How to do Workflows in SharePoint: Part 1 – Conditional Starts

Workflows are the lifeblood of organizations. Find out how to do conditional starts to workflows in SharePoint Designer and Microsoft Flow.

Workflows are the lifeblood of organizations. Business processes – and their efficacy – are critical to the successful operation of a team, business or organization. This is why the workflows you use in your collaboration tools should be easy to build, deploy, and use by people of various responsibilities and technical chops. SharePoint workflows should follow suit.

In the first of this three-part series, I will address some common scenarios you may need build into your SharePoint workflow and how to go about building what you need in both SharePoint Designer (still kickin’) and Microsoft Flow (the shiny new object and getting shinier!) Below are simple ways to begin your workflows that need have conditional starts, where certain conditions must be met on a document or item before the workflow can proceed.

SharePoint Designer

  1. Create a new SharePoint 2013 workflow on your library or list.
  2. Set how the workflow starts (created, modified, manually) in the options menu.
  3. In the Logic screen, insert an “If” statement in the first stage.

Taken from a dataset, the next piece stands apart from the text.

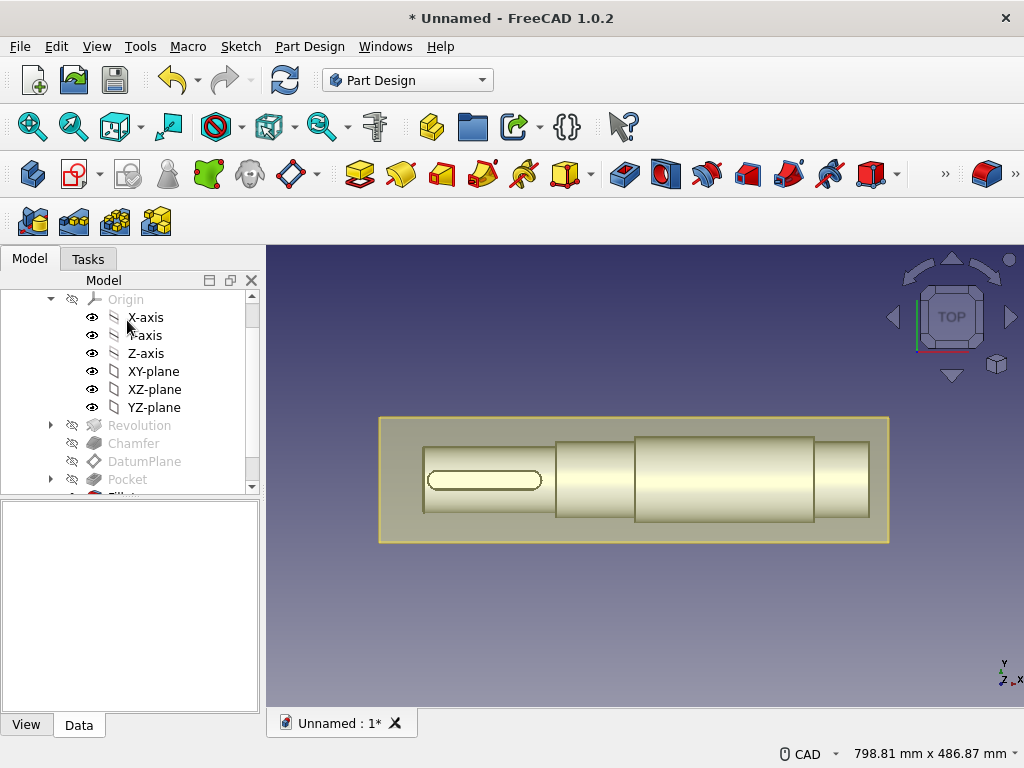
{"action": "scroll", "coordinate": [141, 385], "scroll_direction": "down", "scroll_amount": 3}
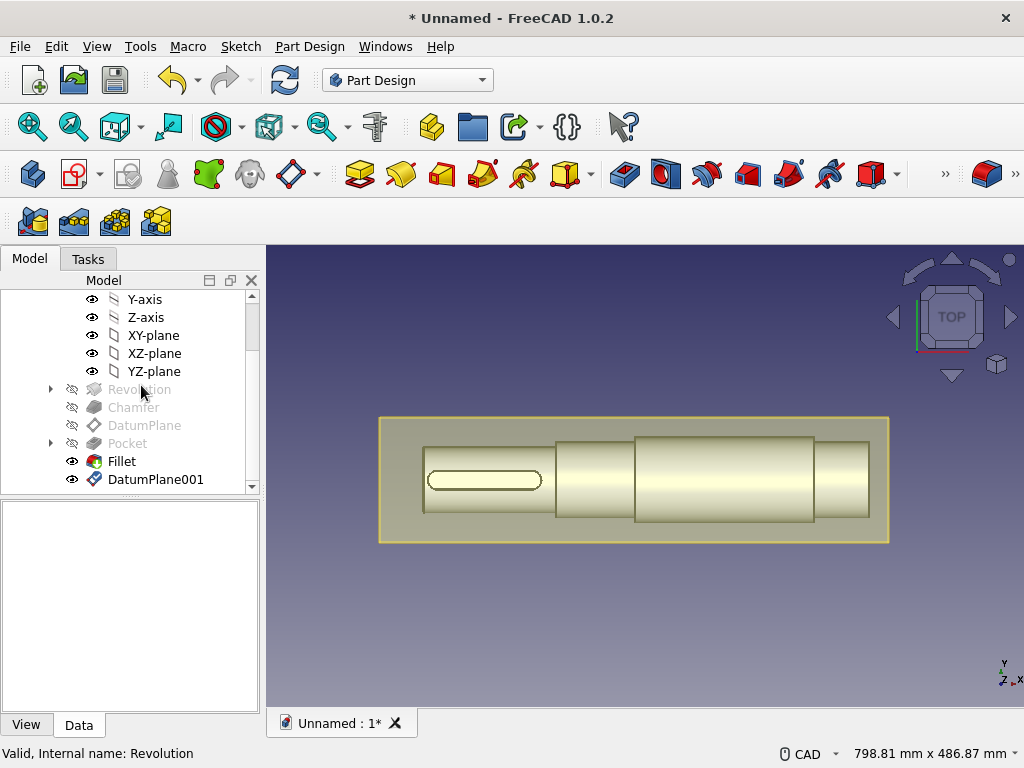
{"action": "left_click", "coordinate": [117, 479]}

Add another “If” statement right below it to create multiple conditions (something not so obvious in SPD unfortunately). This is where you can select your operator (“and” or “or”).
  4. Pick the fields and pick the values it must meet conditionally.
  5. Complete the If/Then logic you require. Don’t forget to use an “Else” statement to tell SharePoint what to do if the “If” statement isn’t realized, otherwise it will continue to follow through in chronological order. It is also good practice to include a “Log a Message to the Workflow History List” so that any audits done on the workflow for a given list item can be reviewed with more context and see how the workflow followed the logic.
A basic workflows in SharePoint Designer with a conditional start.

Microsoft Flow

  1. Start a new workflow (either from a template or from scratch).
  2. Create a Trigger. Your trigger should be how you want the workflow to begin (on item or document creation, modified, manually, for a selected item, etc.)
  3. Create a Condition action (use Basic mode for one condition, and Advanced Mode or parallel or nested conditions for more conditions).
  4. Add your subsequent workflow steps in sequence.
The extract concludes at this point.